- WHAT TO PRODUCE
Give the number of lines in the data below that contain "object", with no other words.

- RAW DATA
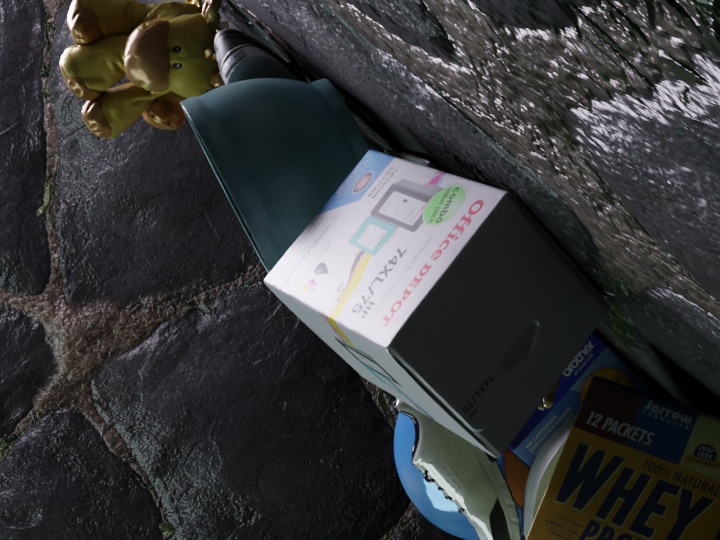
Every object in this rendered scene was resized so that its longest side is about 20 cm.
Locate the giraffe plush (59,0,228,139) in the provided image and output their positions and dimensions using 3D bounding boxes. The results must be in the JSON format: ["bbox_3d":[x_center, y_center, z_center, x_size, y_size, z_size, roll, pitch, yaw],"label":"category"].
[{"bbox_3d":[-0.201,-0.221,1.313,0.162,0.199,0.174,31,145,60],"label":"giraffe plush"}]

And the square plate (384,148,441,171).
[{"bbox_3d":[0.104,-0.032,1.152,0.200,0.028,0.198,43,179,-13],"label":"square plate"}]

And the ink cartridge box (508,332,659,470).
[{"bbox_3d":[0.209,0.141,1.200,0.200,0.137,0.076,43,178,-10],"label":"ink cartridge box"}]

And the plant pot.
[{"bbox_3d":[-0.062,-0.096,1.162,0.201,0.133,0.200,61,174,10],"label":"plant pot"}]

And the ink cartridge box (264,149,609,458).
[{"bbox_3d":[0.055,0.019,0.974,0.146,0.147,0.200,45,169,-32],"label":"ink cartridge box"}]

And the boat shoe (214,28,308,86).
[{"bbox_3d":[-0.077,-0.177,1.264,0.200,0.071,0.064,43,-167,-52],"label":"boat shoe"}]

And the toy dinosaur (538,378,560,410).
[{"bbox_3d":[0.113,0.049,1.129,0.058,0.101,0.201,-12,-120,-45],"label":"toy dinosaur"}]

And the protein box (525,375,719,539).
[{"bbox_3d":[0.234,0.222,0.998,0.134,0.200,0.200,17,166,32],"label":"protein box"}]

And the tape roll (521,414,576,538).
[{"bbox_3d":[0.249,0.221,1.158,0.203,0.203,0.037,42,180,-10],"label":"tape roll"}]

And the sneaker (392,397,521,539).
[{"bbox_3d":[0.092,0.192,1.190,0.074,0.079,0.201,113,135,-78],"label":"sneaker"}]

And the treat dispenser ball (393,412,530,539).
[{"bbox_3d":[0.134,0.185,1.330,0.201,0.201,0.201,42,179,1],"label":"treat dispenser ball"}]
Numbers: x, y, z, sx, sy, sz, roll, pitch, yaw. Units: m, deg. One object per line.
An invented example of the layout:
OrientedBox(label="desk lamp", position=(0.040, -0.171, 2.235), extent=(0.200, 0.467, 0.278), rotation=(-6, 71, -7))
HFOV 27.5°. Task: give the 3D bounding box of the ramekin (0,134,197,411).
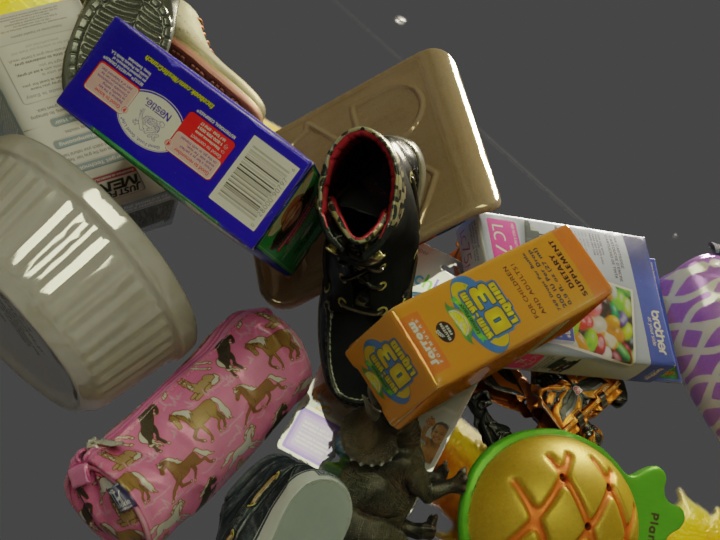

- RESULT OF THE TASK
2